ITEM 2. IDENTITY AND BACKGROUND
The name of the filing person is Internet Capital Group, Inc., a
Delaware corporation ("ICG"). ICG is an Internet company actively engaged in
business-to-business e-commerce through a network of partner companies. ICG
provides operational assistance, capital support, industry expertise and a
strategic network of business relationships intended to maximize the long-term
market potential of its business-to-business e-commerce partner companies.

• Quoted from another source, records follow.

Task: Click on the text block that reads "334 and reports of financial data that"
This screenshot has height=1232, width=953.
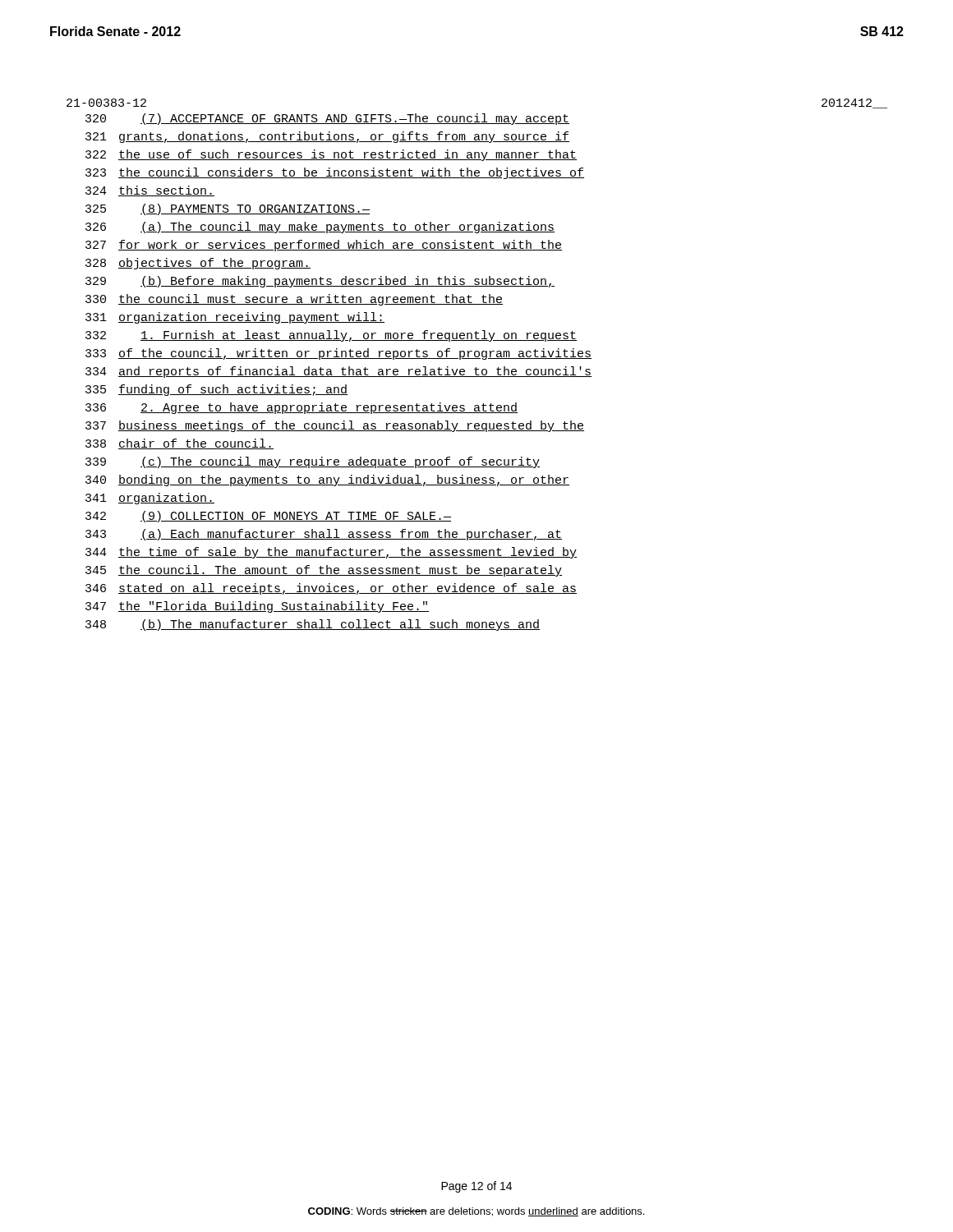Action: (x=476, y=373)
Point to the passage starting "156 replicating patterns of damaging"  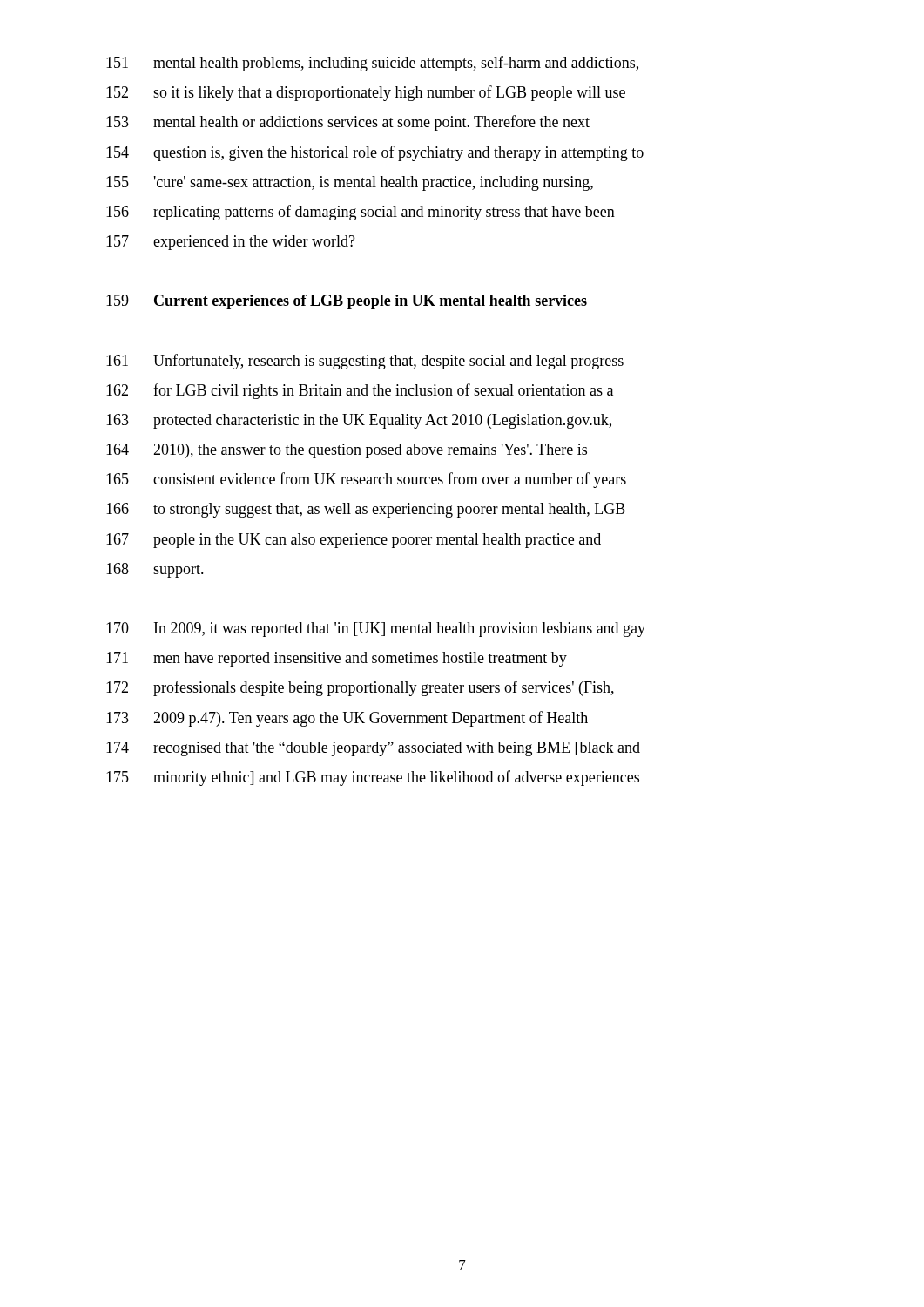[471, 212]
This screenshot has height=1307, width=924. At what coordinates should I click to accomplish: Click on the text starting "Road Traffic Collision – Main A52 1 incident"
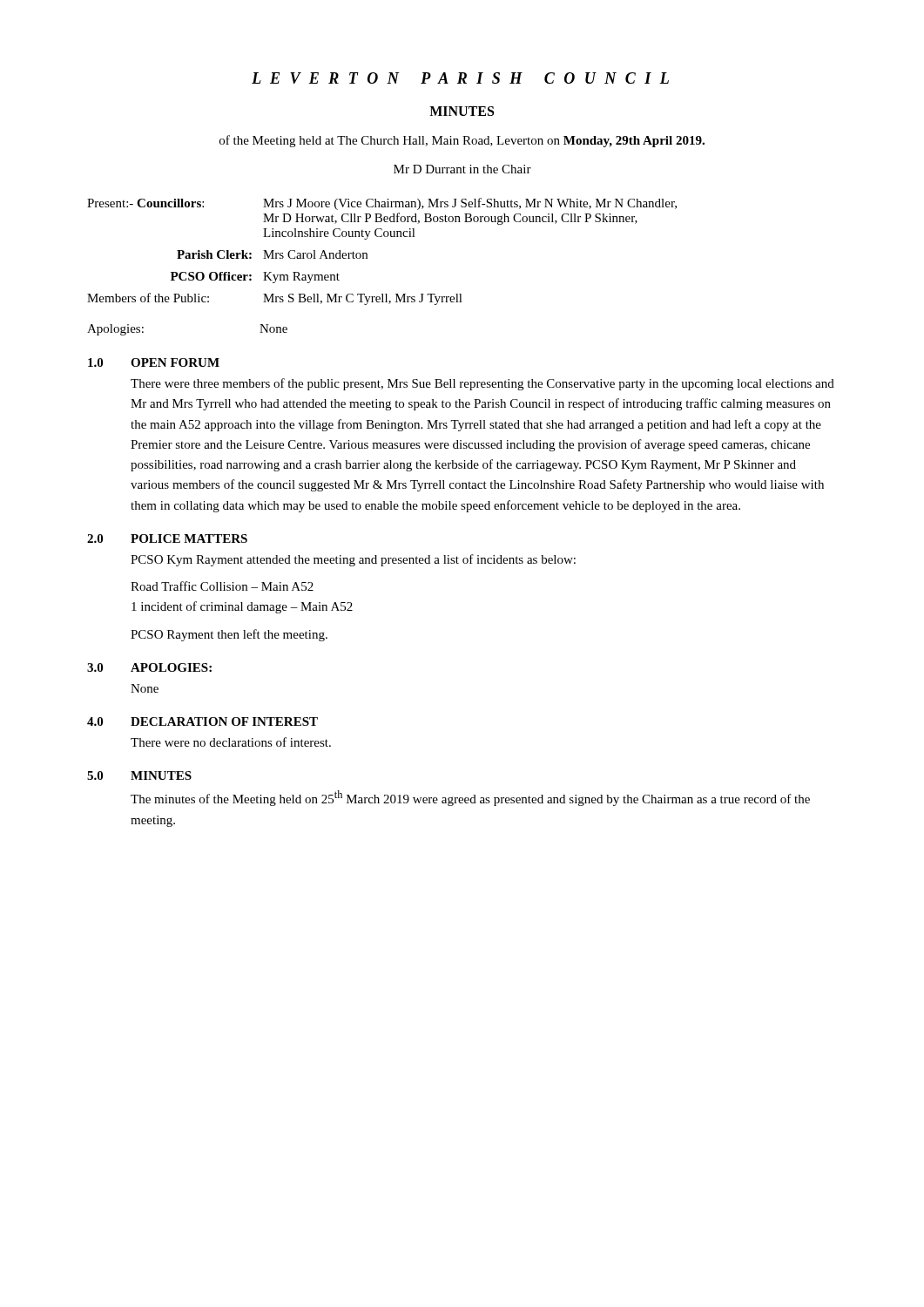(x=242, y=597)

The
address of ICG's principal business and principal office is The 800 Building,
435 Devon Park Drive, Wayne, Pennsylvania 19087.
(d) During the last five years, neither ICG nor any of its executive
officers or directors has been convicted in a criminal proceeding.

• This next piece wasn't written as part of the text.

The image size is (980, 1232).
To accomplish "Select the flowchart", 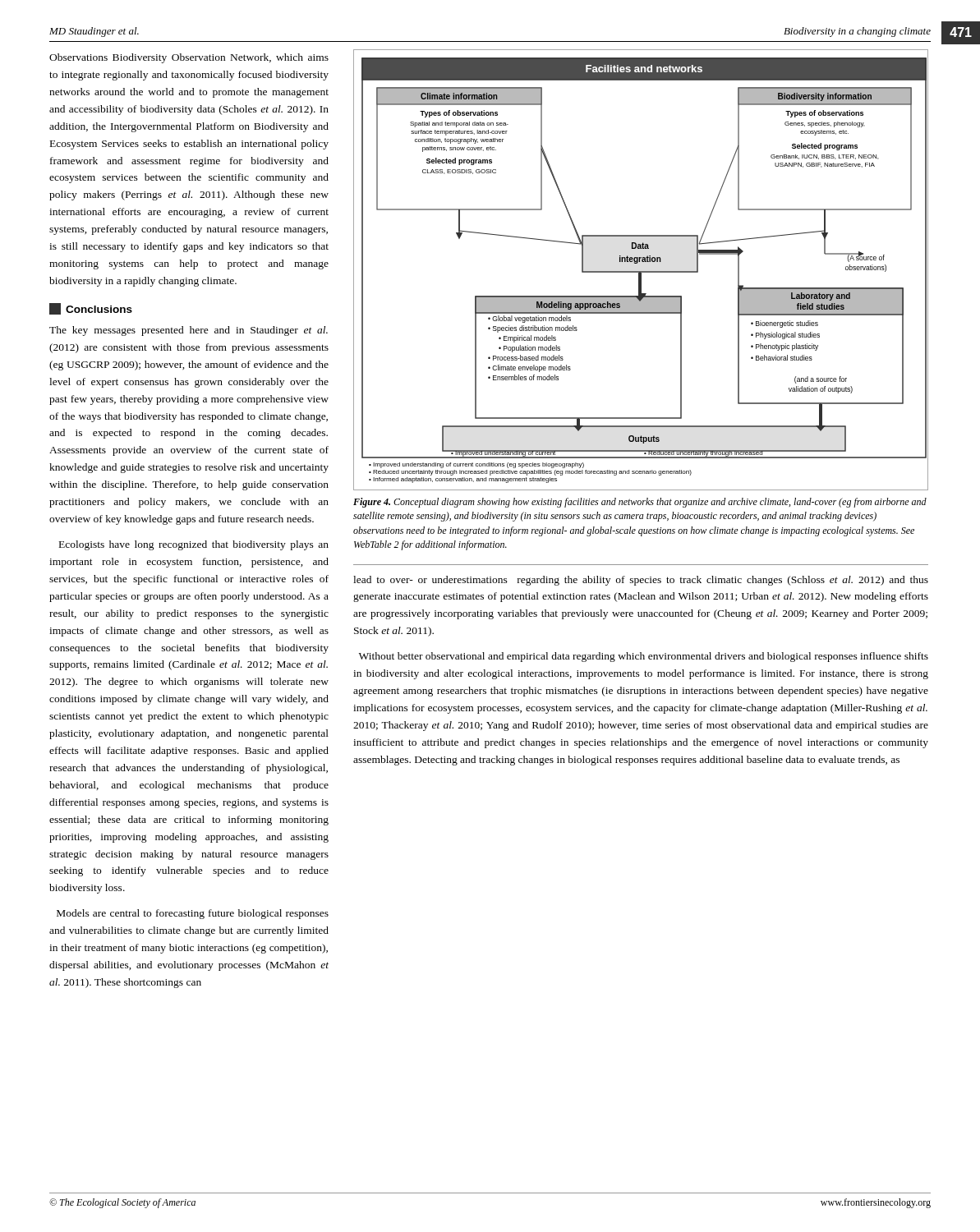I will click(x=641, y=270).

(e) During the last five years, neither ICG nor any of its executive
officers or directors has been a party to a civil proceeding of a judicial or
administrative body of competent jurisdiction and as a result of such proceeding
was or is subject to a judgment, decree or final order enjoining future
violations of, or prohibiting or mandating activities subject to, federal or
state securities laws or finding any violation with respect to such laws.
ITEM 3. SOURCE AND AMOUNT OF FUNDS OR OTHER CONSIDERATION
On February 25, 1999, ICG used its working capital to purchase 8,552,972
shares of Series A Preferred Stock at $0.58 per share.
On September 30, 1999, ICG used its working capital to purchase
5,235,906 shares of Series B Preferred Stock at $1.72 per share.
On December 20, 1999, ICG used its working capital to purchase 729,266
shares of Series C Preferred Stock at $6.86 per share.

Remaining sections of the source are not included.